What is needed: Starting at the line that holds "List of defects", transcribe every line to the end of the data exactly; include no other lines.
○ ○ ○ ○ ○ ○ ○
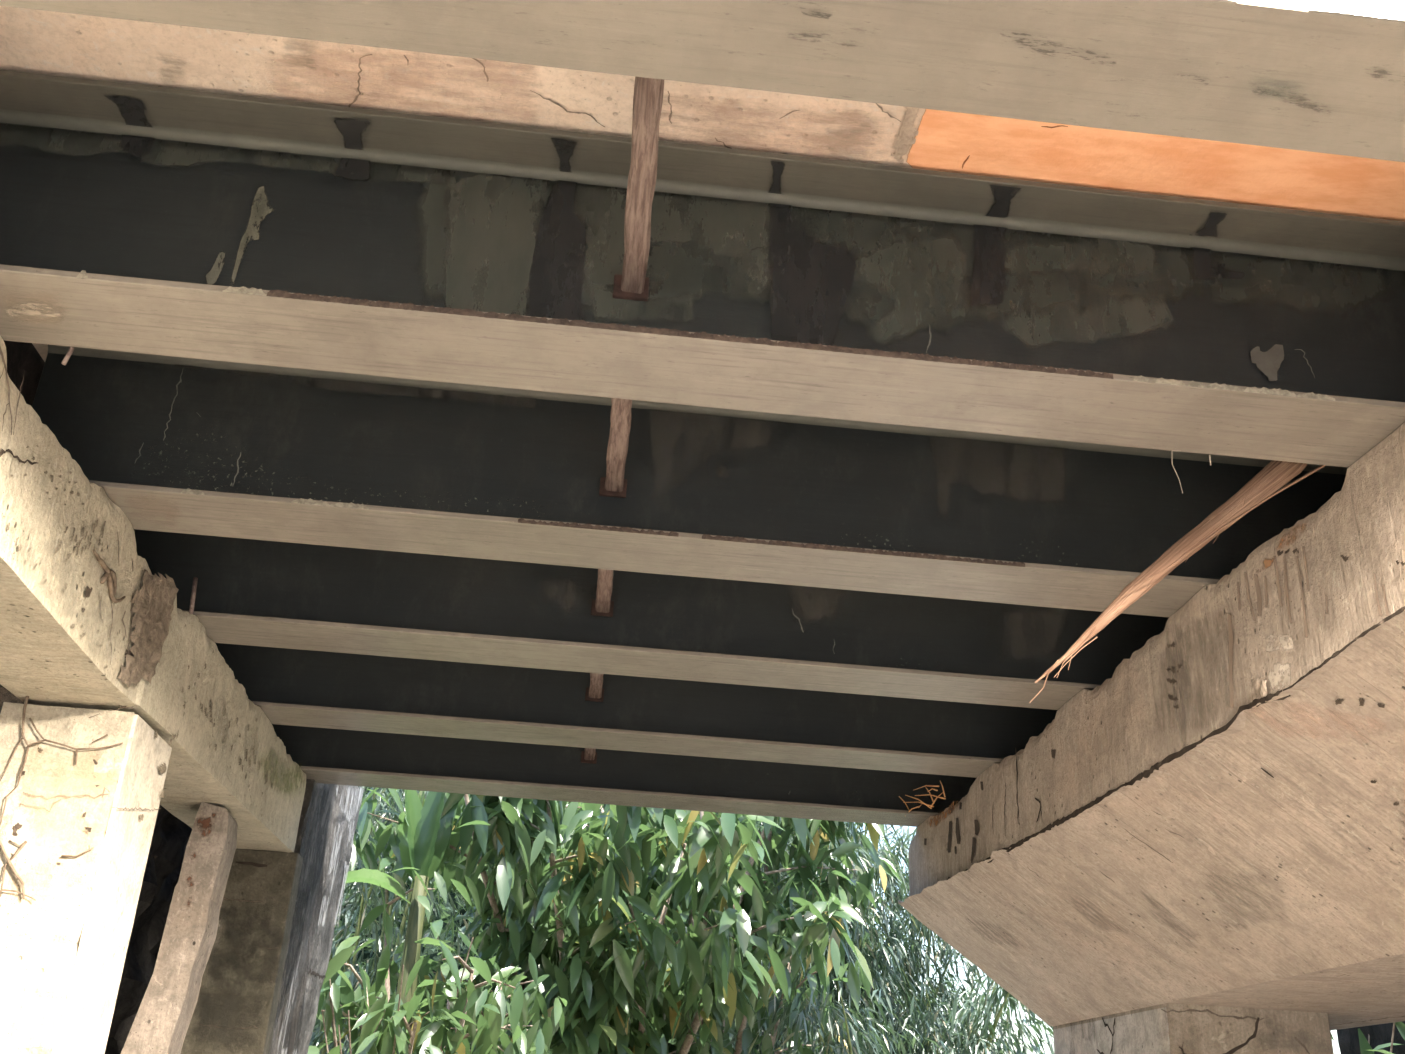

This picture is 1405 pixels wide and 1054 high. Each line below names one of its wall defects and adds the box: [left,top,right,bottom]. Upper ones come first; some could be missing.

crack [349,54,409,107]
crack [530,90,605,127]
peeling [205,186,274,296]
peeling [1132,344,1335,401]
spalling [11,445,84,505]
spalling [54,520,106,563]
spalling [71,586,103,646]
spalling [104,569,179,688]
crack [947,606,1405,880]
crack [19,787,161,812]
crack [1161,1009,1264,1054]
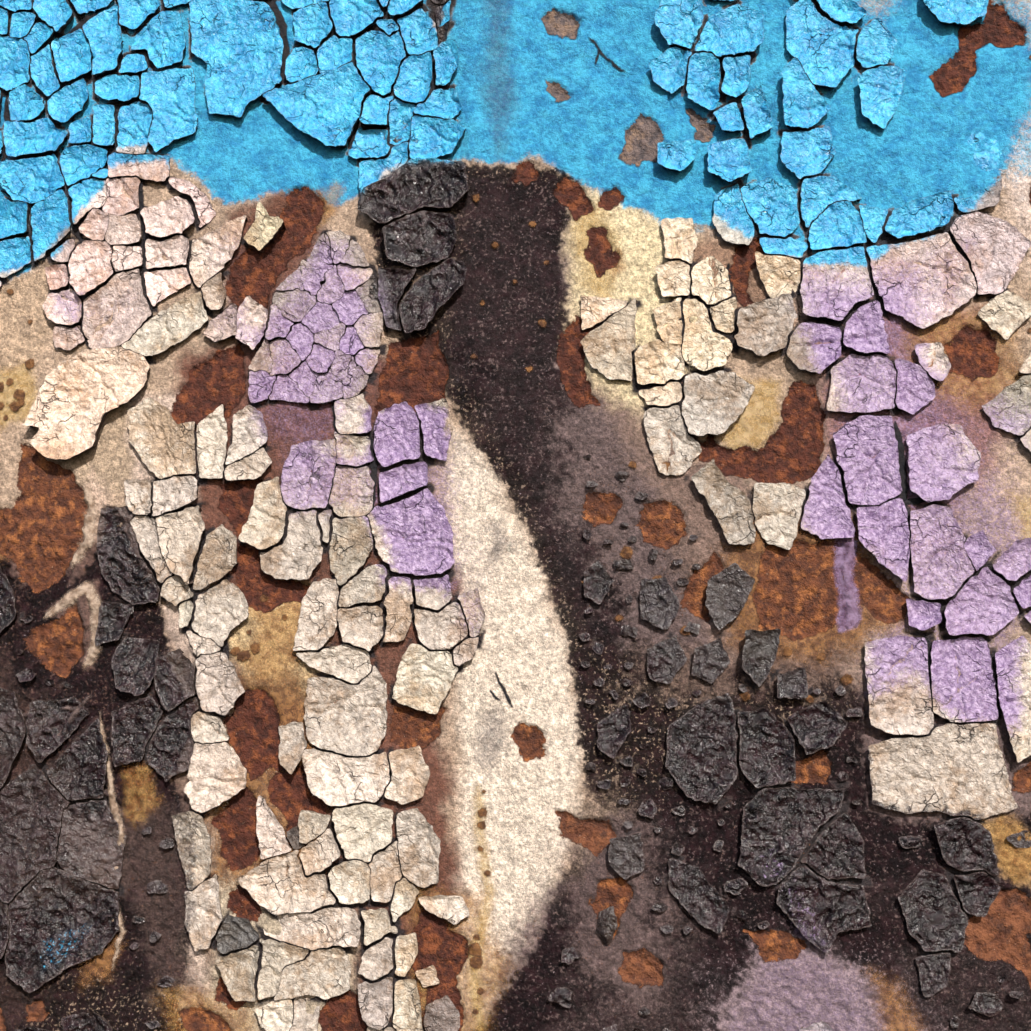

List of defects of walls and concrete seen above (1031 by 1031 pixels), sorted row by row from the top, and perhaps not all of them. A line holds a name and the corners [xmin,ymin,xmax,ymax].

peeling [923,0,989,26]
corrosion [929,0,1031,97]
peeling [263,62,370,148]
peeling [244,201,286,251]
corrosion [225,186,326,309]
peeling [22,291,209,460]
corrosion [170,342,246,431]
corrosion [0,443,97,594]
crack [0,0,485,1031]
corrosion [23,582,101,678]
crack [490,672,513,707]
peeling [415,965,440,987]
○ ○ ○ ○ ○ ○ ○
Exercise result:
List of defects of walls and concrete seen above (1031 by 1031 pixels), sorted row by row from the top, and perhaps not all of them. A line holds a name and the corners [xmin,ymin,xmax,ymax].

peeling [923,0,989,26]
corrosion [929,0,1031,97]
peeling [263,62,370,148]
peeling [244,201,286,251]
corrosion [225,186,326,309]
peeling [22,291,209,460]
corrosion [170,342,246,431]
corrosion [0,443,97,594]
crack [0,0,485,1031]
corrosion [23,582,101,678]
crack [490,672,513,707]
peeling [415,965,440,987]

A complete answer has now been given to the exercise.